Top of Supplied records
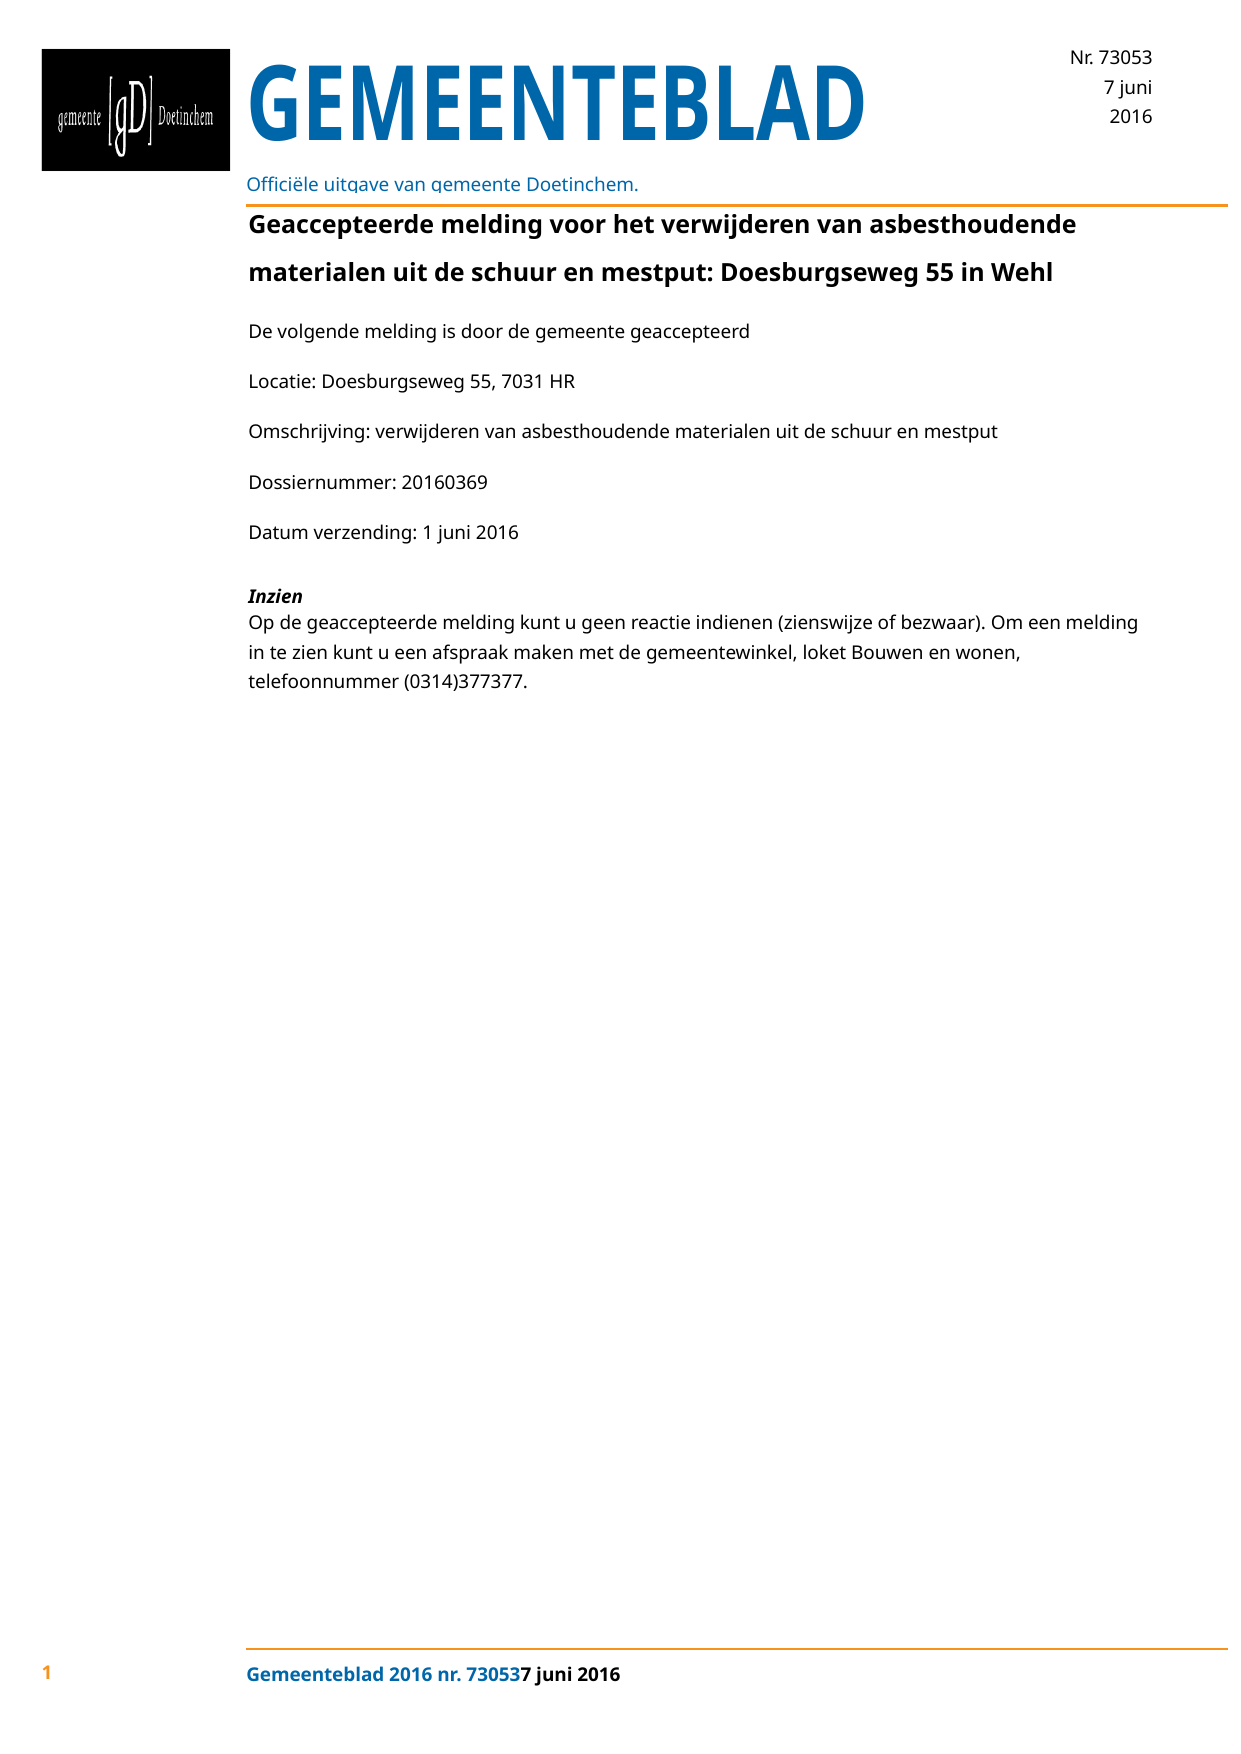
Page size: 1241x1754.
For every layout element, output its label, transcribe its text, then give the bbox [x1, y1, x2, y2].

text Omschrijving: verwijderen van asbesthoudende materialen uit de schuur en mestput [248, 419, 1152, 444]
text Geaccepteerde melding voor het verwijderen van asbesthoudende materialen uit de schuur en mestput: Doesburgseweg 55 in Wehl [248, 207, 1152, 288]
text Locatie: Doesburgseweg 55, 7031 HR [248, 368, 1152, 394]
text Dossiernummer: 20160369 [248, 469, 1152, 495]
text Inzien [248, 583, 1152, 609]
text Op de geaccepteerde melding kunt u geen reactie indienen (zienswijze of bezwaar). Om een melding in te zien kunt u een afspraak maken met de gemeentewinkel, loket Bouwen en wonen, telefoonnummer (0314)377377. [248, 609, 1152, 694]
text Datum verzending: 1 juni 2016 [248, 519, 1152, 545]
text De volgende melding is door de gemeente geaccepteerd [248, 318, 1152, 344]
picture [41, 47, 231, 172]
Bottom of Supplied records
What to produce: Reproduce the listing word for word. Do not carry over the pictures.

Answer to the exercise:
Page size: 1241x1754.
For every layout element, output its label, transcribe its text, then give the bbox [x1, y1, x2, y2].

text Omschrijving: verwijderen van asbesthoudende materialen uit de schuur en mestput [248, 419, 1152, 444]
text Geaccepteerde melding voor het verwijderen van asbesthoudende materialen uit de schuur en mestput: Doesburgseweg 55 in Wehl [248, 207, 1152, 288]
text Locatie: Doesburgseweg 55, 7031 HR [248, 368, 1152, 394]
text Dossiernummer: 20160369 [248, 469, 1152, 495]
text Inzien [248, 583, 1152, 609]
text Op de geaccepteerde melding kunt u geen reactie indienen (zienswijze of bezwaar). Om een melding in te zien kunt u een afspraak maken met de gemeentewinkel, loket Bouwen en wonen, telefoonnummer (0314)377377. [248, 609, 1152, 694]
text Datum verzending: 1 juni 2016 [248, 519, 1152, 545]
text De volgende melding is door de gemeente geaccepteerd [248, 318, 1152, 344]
picture [41, 47, 231, 172]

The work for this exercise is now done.